In the records, find each line where "degrees" occurs, and copy it.

- - - - - - -

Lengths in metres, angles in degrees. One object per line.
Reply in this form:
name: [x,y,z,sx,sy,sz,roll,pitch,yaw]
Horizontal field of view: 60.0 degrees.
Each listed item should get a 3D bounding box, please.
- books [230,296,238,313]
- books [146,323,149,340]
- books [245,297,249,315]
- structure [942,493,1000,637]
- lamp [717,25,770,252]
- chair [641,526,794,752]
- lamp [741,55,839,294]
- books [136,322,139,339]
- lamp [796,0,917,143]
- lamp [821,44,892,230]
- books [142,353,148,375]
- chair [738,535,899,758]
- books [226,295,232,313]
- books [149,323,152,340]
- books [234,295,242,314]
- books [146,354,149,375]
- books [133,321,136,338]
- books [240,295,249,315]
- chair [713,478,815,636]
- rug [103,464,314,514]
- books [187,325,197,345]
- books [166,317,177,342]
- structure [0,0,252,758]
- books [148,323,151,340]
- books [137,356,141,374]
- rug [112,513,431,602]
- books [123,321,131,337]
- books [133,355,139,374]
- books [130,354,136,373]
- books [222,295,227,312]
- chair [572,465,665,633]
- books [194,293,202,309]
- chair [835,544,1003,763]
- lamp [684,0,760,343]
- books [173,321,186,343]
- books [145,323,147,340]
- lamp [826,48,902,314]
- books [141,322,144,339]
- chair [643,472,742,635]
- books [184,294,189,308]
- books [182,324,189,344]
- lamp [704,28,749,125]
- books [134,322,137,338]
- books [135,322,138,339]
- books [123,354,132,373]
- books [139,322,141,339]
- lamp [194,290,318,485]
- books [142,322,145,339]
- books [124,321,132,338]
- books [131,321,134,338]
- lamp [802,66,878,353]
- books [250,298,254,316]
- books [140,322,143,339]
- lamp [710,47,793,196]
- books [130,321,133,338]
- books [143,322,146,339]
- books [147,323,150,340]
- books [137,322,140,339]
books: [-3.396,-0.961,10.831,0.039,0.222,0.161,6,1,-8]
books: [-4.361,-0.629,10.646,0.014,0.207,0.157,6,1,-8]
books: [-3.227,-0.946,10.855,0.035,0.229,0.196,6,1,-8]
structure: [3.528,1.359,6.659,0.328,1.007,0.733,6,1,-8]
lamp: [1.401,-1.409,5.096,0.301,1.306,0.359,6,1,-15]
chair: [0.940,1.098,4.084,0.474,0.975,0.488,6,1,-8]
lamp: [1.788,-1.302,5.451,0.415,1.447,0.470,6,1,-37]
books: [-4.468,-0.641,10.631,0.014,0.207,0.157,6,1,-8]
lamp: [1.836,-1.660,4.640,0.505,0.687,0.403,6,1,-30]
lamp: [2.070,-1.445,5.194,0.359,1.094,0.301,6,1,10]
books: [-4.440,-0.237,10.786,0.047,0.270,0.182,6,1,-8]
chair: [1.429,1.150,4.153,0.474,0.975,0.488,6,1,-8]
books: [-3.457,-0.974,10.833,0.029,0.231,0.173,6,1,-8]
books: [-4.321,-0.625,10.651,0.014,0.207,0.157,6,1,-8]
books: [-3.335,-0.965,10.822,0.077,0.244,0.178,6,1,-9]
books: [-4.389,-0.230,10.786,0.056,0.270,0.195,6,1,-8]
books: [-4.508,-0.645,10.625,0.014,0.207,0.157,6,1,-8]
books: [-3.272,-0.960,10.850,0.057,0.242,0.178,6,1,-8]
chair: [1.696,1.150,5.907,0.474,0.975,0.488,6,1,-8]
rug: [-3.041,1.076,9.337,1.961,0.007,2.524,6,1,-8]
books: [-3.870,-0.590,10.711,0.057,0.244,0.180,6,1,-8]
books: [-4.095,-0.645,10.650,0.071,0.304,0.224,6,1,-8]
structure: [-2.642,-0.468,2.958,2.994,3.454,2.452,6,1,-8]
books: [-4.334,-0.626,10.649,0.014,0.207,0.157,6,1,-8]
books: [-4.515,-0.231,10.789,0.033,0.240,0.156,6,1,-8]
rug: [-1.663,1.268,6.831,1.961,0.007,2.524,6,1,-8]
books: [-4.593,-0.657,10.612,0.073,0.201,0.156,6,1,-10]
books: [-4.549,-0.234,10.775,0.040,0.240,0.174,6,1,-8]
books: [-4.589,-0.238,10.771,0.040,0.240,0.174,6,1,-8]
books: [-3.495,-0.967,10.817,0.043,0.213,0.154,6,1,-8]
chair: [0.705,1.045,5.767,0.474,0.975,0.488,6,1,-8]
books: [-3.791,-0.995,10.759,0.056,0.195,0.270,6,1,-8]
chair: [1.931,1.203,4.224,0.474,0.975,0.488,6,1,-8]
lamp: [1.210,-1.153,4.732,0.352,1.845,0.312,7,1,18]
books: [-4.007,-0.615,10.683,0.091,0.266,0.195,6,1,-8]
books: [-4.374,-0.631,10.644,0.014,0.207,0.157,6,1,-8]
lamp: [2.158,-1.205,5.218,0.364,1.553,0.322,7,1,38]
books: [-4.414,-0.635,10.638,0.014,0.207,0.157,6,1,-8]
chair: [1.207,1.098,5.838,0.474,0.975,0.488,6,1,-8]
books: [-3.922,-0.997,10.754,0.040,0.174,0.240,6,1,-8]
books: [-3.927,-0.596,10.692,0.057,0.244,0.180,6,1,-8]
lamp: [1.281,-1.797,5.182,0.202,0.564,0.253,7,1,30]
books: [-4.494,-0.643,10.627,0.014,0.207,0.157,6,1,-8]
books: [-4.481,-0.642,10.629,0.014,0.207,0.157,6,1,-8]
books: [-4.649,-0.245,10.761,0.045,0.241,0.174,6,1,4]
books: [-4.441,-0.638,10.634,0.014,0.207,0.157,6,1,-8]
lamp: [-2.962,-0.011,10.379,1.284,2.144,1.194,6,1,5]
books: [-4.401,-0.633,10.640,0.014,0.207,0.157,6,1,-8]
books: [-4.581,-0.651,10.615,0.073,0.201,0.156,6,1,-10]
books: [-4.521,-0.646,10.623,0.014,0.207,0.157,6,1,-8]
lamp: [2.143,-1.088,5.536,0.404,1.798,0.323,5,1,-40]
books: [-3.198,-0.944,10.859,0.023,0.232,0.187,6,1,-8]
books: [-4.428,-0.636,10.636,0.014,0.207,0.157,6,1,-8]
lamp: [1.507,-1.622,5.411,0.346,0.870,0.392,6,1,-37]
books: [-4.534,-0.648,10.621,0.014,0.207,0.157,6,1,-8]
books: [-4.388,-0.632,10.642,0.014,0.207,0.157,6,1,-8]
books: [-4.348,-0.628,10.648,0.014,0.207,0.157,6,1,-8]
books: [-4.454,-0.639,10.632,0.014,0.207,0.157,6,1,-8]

- - - - - - -

Your response:
Lengths in metres, angles in degrees. One object per line.
Horizontal field of view: 60.0 degrees.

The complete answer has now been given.